Considering that there are two more extensive databases, more wavelet coherence between the ENSO indices was computed, the graphs in Figure 16 count the percent of spectra with each of the seven sectors chosen concerning the total of stations, which were 300 with IDEAM data and 1250 with CHIRPS. Figure 16 helps to visualize that the structure of wavelet coherence at the national level is similar both with the Pacific SST series and with the other indices. The main differences lie in the phase difference between the signals, which varies according to the database. Future work consists of expanding the scope to the whole country, finding an explanation for the change in the phase difference with the satellite data, and performing a wavelet analysis filtering bands of specific periods related to ENSO and for particular seasons where the influence is maximum like December-February.

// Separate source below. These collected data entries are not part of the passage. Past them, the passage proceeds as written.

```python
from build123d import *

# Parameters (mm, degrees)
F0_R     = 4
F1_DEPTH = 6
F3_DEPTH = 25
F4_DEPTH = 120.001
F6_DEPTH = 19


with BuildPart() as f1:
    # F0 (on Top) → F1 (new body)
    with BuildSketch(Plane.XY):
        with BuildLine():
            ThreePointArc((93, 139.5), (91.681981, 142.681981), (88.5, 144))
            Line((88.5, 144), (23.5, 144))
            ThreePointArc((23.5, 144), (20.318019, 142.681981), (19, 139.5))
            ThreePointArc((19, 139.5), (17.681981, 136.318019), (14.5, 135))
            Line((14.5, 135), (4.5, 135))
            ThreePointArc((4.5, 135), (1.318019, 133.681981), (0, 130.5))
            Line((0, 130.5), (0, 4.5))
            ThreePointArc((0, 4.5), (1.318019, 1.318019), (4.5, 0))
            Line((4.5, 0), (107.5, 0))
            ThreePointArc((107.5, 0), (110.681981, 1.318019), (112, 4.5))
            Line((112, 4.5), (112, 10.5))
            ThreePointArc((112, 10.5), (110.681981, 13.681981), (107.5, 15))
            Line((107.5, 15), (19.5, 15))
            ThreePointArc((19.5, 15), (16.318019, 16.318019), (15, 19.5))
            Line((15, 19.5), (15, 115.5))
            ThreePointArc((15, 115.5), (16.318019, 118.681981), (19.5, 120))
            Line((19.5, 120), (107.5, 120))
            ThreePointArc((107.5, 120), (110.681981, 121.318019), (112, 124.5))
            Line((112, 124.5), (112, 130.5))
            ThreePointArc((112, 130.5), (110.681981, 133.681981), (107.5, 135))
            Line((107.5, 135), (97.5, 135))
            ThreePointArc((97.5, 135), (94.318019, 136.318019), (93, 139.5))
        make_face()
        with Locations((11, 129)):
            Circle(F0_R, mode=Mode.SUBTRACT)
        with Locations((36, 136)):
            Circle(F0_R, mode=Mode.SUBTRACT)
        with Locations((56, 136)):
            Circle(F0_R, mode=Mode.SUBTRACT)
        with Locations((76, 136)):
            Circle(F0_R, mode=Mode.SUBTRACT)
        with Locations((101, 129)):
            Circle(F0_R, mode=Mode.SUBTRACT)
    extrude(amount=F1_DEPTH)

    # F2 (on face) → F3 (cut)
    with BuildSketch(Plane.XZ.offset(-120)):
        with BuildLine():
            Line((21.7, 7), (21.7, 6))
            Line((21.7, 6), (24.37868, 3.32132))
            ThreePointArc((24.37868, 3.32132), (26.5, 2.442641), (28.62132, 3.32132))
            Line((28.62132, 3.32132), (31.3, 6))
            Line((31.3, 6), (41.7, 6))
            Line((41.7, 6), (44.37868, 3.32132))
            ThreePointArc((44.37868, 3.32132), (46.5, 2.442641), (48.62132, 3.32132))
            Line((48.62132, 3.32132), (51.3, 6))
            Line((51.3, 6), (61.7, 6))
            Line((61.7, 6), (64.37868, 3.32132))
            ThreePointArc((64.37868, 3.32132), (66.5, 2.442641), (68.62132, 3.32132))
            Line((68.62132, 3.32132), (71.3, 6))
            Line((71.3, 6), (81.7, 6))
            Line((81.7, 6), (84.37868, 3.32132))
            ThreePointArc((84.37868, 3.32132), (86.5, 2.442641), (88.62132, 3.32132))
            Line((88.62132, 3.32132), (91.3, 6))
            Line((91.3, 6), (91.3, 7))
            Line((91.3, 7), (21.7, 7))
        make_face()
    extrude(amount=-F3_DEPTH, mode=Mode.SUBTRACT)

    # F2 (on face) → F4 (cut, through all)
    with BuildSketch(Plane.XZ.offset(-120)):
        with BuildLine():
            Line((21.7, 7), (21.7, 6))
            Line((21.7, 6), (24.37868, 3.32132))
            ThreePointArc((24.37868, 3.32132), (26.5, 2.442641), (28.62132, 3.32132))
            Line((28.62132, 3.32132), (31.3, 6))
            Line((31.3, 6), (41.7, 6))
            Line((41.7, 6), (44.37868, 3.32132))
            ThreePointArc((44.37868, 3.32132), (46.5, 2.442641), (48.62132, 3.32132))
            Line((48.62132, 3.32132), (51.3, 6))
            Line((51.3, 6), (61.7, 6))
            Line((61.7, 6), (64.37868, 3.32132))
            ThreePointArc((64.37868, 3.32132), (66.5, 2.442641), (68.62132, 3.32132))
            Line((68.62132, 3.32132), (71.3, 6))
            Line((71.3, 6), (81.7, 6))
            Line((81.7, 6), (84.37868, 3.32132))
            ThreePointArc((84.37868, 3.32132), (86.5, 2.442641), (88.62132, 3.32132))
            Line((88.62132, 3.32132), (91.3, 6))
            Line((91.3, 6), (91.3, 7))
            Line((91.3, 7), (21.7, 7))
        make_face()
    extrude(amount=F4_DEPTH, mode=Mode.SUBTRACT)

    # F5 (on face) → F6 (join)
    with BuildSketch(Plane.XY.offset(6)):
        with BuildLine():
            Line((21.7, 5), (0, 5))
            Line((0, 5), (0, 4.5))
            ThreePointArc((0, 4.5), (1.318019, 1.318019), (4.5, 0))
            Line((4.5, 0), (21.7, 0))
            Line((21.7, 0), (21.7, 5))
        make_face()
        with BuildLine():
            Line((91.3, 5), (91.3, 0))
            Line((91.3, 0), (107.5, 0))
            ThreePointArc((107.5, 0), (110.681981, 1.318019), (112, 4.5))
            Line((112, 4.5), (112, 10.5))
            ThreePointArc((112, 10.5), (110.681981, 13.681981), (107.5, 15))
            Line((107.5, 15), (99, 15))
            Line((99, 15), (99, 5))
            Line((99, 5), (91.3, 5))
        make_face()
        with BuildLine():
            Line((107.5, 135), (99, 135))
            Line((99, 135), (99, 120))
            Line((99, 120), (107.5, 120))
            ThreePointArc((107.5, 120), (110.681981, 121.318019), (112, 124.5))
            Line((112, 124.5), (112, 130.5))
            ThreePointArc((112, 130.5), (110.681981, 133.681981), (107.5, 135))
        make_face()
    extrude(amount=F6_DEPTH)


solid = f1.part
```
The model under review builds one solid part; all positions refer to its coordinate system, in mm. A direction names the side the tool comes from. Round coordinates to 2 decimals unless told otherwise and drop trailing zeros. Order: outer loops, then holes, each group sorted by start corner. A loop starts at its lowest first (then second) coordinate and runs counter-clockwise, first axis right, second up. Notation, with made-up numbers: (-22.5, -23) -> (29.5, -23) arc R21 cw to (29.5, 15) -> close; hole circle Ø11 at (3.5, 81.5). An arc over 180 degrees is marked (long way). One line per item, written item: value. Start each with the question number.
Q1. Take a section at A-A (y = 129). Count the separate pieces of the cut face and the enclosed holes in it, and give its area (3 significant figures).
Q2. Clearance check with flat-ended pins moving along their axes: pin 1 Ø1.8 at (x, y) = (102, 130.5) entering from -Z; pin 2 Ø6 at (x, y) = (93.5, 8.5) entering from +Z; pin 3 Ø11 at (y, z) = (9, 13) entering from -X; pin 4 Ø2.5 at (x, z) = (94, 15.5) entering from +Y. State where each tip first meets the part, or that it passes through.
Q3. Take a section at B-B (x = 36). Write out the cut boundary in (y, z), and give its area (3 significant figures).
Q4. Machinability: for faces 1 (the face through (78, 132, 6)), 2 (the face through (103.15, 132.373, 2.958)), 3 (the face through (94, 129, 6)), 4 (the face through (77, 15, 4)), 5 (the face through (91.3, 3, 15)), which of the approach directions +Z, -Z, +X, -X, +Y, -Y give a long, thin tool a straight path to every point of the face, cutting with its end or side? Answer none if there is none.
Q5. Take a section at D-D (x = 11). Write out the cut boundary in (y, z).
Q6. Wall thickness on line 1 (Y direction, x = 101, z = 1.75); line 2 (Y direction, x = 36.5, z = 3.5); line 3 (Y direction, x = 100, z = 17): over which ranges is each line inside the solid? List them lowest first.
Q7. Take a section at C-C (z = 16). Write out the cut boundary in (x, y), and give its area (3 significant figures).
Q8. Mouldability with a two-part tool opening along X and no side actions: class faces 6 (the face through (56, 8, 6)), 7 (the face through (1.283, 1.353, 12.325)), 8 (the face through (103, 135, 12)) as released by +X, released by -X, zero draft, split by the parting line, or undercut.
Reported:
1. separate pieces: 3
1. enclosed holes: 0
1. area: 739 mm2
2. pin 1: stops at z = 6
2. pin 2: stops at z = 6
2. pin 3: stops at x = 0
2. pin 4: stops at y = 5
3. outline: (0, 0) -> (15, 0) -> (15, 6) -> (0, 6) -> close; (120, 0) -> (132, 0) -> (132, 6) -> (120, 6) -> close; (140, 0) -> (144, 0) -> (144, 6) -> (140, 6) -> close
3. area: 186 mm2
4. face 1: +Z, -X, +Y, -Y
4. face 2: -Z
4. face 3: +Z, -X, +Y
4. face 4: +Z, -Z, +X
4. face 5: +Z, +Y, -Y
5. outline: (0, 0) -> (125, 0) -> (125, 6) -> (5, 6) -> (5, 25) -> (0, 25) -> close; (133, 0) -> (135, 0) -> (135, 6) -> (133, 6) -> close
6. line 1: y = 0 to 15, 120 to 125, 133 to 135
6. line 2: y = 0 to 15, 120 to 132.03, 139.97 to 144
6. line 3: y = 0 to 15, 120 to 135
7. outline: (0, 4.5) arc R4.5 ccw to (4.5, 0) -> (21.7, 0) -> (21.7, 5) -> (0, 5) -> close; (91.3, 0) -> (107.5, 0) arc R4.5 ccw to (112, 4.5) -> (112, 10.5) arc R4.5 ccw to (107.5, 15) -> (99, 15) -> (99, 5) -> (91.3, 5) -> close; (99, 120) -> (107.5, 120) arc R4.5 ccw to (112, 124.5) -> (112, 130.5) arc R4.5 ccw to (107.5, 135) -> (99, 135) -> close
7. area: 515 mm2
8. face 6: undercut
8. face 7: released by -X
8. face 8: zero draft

Fig. 16 Percentage of stations that presented the seven sectors described in Table IV with significant periodicities at 5%. Left: Data from IDEAM, Right: CHIR.
4. Conclusions
The purpose of exploring non-linear aspects of the ENSO-precipitation relationship is achieved by wavelet coherence analysis. The reasons for the non-linear character of the influence of ENSO on the climate variability of different regions have been attributed to the superposition of the ENSO signal with other large-scale oscillations and the influence of the longitudinal position of ENSO on the type of ocean-atmospheric response. The spectra obtained show the ENSO-precipitation relationship and also that wavelet coherence and phase difference change from one index to another. Results also indicate that the ENSO-precipitation relationship is diferent for each estation.
In the spectra, sectors of lower and higher frequency than those associated with ENSO are also visible and can be related to other climate oscillations not yet explored. The results show that ENSO years are reflected in the precipitation as periods of rainfall deficit or excess, also that precipitation is organized in bands and that most of their variance is explained by the 2-8-year scales. The most significant sectors are those that cover El Niño events, while sectors are smaller during La Niña, implying that impacts on precipitation tend to persist longer during warm events. The location of the seven most recurring sectors coincides with times in which the greatest rainfall anomalies in Colombia have occurred, and which have been associated respectively with El Niño event of 1997-1998, La Niña of 2010-2011, El Niño of 1982-1983, and La Niña of 1988-1989. Spectra also diplay, for the annual cycle, changes in the phase difference between SST of different regions and precipitation. The most influenced site have been La Esperanza y Matitas, followed by Mesopotamia y Mompos, while Cimitarra and Iser Pamplona have less influence. The indices with which significant coherence was maxima were Niño 3, ONI and BEST. The comparation of results using two different datasets (IDEAM and CHIRPS) showed that the coherence structure was similar but found discrepancies of in the phase difference in particular between 36 and 48 months.